Le soulagement lui fit l'effet d'une caresse. La pression retomba d'un coup, le laissant presque aussi léger qu'une plume. Mal' sortit son premier sourire de la journée adressé à quelqu'un. Nóe ne posait pas de questions, il avait remarqué que son interlocuteur vivait quelque chose qu'il ne voulait pas divulguer et il respectait cela en ne cherchant pas à savoir quoi. Rien que pour ça, l'aiglon savait qu'il apprécierait le lion. Peu de gens faisaient preuve d'une telle retenue. Peu se seraient retenus de demander ce qu'il lui arrivait, pourquoi il avait réagit si excessivement. En plus, il était sympa et ne l'agressait pas pour l'avoir bousculé. En général les élèves s'énervaient, criaient des injures ou lançaient des regards noirs. Pas le jeune homme, il était aussi calme et compréhensif que lui maintenant qu'il avait calmé ses pulsions. Cela le rendait suffisamment confiant pour ne pas cacher qu'il était vraiment rassuré. Il aurait regretté de devoir se montrer fermé pour ne pas révéler son secret. Même si honnêtement, il avait cruellement besoin qu'au moins quelques personnes le sachent. Hugo était au courant, Albus aussi, mais n'empêche qu'il se sentait vraiment seul. Personne d'autre avec qui partager sa... maladie. Tandis que Lily, combien de personnes avait-elle ? Elle le lui avait bien dit : Ron, Hermione, James, Albus, Dominique, Hugo, Fred, Meghan, Lucy, ... pourquoi pouvait-elle avoir tout ce soutien et pas lui ? N'en avait-il pas autant besoin qu'elle ? Le Serdaigle secoua légèrement la tête pour se changer les idées avant de sourire une nouvelle fois. Le Gryffondor sortit alors un tas de trucs à manger de son sac et les lui tendit, lui en proposant gentiment. Son regard tomba sur la viande séchée. C'était fou comme il appréciait la viande depuis qu'il avait été mordu. Il l'avait toujours aimée, mais là, c'était bien plus qu'avant. Cependant il fit un mouvement négatif de la tête, bien que son ventre protestait, grognant face à toute cette nourriture.

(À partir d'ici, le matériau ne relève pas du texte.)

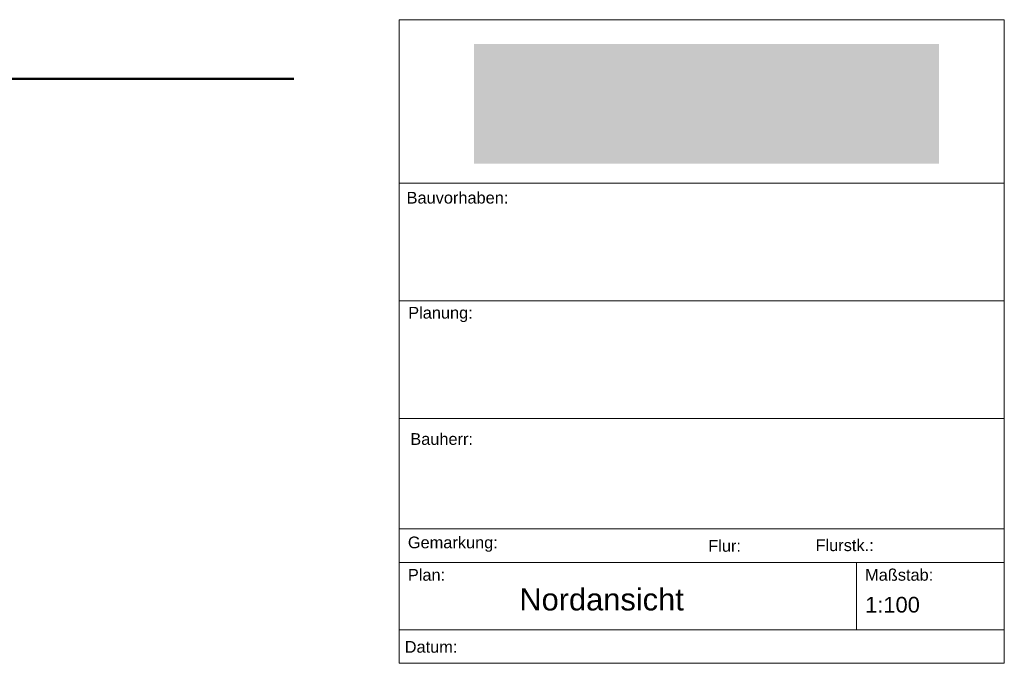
# Model space of a CAD drawing. Header units: millimetres. Extents: x 2135 to 41000, y -28700 to -9269.
# Tile 7 of 7: x 26357 to 41000, y -28700 to -19125. Entities that reach past the tile are written whole.
import ezdxf

# ---------------------------------------------------------------- set-up
doc = ezdxf.new("R2010")
doc.units = ezdxf.units.MM
doc.header["$MEASUREMENT"] = 0

msp = doc.modelspace()

# ---------------------------------------------------------------- hatches: boundary and pattern name
at = {"true_color": 0xeaeaea}
msp.add_hatch(color=254, dxfattribs=at).paths.add_polyline_path([(40026.5, -21268.93), (33113.5, -21268.93), (33113.5, -19489.08), (40026.5, -19489.08)])

# ---------------------------------------------------------------- linework, layer by layer
at = {"color": 18, "lineweight": 5, "true_color": 0x070707}
for points in [[(32000, -28700), (32000, -19125)], [(32000, -19125), (41000, -19125)], [(41000, -28700), (41000, -19125)], [(41000, -21558.258), (32000, -21558.258)], [(41000, -23306.756), (32000, -23306.756)], [(41000, -25056.756), (32000, -25056.756)], [(41000, -26700), (32000, -26700)], [(41000, -27200), (32000, -27200)], [(38800, -27200), (38800, -28200)], [(41000, -28200), (32000, -28200)], [(41000, -28700), (32000, -28700)]]:
    msp.add_lwpolyline(points, dxfattribs=at)
at = {"color": 18, "lineweight": 50, "true_color": 0x070707}
msp.add_lwpolyline([(30435, -20007), (8962, -20005), (30435, -20007)], dxfattribs=at)

# ---------------------------------------------------------------- texts
at = {"color": 6, "true_color": 0xff00ff, "char_height": 174, "attachment_point": 7}
for s, insert in [('{\\fArial|b0|i0;Bauvorhaben:}', (32110.904, -21862.721)), ('{\\fArial|b0|i0;Planung:}', (32135.209, -23623.76)), ('{\\fArial|b0|i0;Bauherr:}', (32166.041, -25452.582)), ('{\\fArial|b0|i0;Gemarkung:}', (32130, -27041.137)), ('{\\fArial|b0|i0;Flur:}', (36597.691, -27042.422)), ('{\\fArial|b0|i0;Flurstk.:}', (38192.867, -27033.137)), ('{\\fArial|b0|i0;Plan:}', (32130, -27473.82)), ('{\\fArial|b0|i0;Maßstab:}', (38930, -27473.82)), ('{\\fArial|b0|i0;Datum:}', (32083.123, -28544.703))]:
    msp.add_mtext(s, dxfattribs=dict(at, insert=insert))
at = {"color": 18, "true_color": 0x070707, "attachment_point": 1}
for s, insert, char_height in [('{\\fArial|b0|i0;Nordansicht}', (33788, -27585.334), 328), ('{\\fArial|b0|i0;1:100}', (38930, -27711.666), 233)]:
    msp.add_mtext(s, dxfattribs=dict(at, insert=insert, char_height=char_height))

doc.saveas('drawing.dxf')

« Non merci, c'est gentil mais tu en as besoin aussi. »

Mais Nóe insistait. Il tenait à ce qu'il mange, parce que... quoi ? o.o Il avait l'air si affamé que ça pour qu'il pense une chose pareille ? Mal' songea soudainement à se regarder dans un miroir, il ne devait vraiment pas avoir l'air dans son assiette pour que le lion lui dise cela. Pourtant, il se sentait bien. Enfin bien, disons physiquement, à part qu'il avait terriblement faim. Il était vrai qu'il ne faisait pas vraiment attention à lui ces derniers temps. Il n'avait jamais eut de réels problèmes avec sa santé, donc maintenant qu'il était loup-garou et qu'il savait qu'il ne tomberait plus jamais malade – enfin, il supposait que ça dépendait de la maladie – il se fichait complètement de son état. Mais apparemment, être lycanthrope ne signifiait pas échapper aux traits fatigués, à la pâleur et à l'épuisement de la sous-alimentation qui s'accompagnait de difficultés à dormir. Malcolm tendit la main avec hésitation, le regard insistant de Nóe le faisant se sentir obligé de se servir, et son inquiétude apparente aidant. Jamais il n'avait vu quelqu'un faire autant attention au bien-être d'une autre personne. Qu'il connaissait à peine en plus. Ce garçon était tout simplement gentil, et ça lui plaisait. Il devrait y avoir plus de gens comme ça. Sauf que ce que le jeune homme ne savait pas, c'était que si l'aiglon avait l'air "sur le point de s'évanouir" c'était parce que les deux réactions dangereuses de son instinct bestial l'avait fortement perturbé. Et oui vous pouvez ajouter à ça la faim, qui n'aidait en rien sa situation. Il finit par prendre deux morceaux de viande séchée avec un sourire reconnaissant. L'aiglon ne tarda pas à les déguster rapidement, tellement son estomac les réclamait.

« Merci, c'est très gentil de ta part, tu n'étais pas obligé. »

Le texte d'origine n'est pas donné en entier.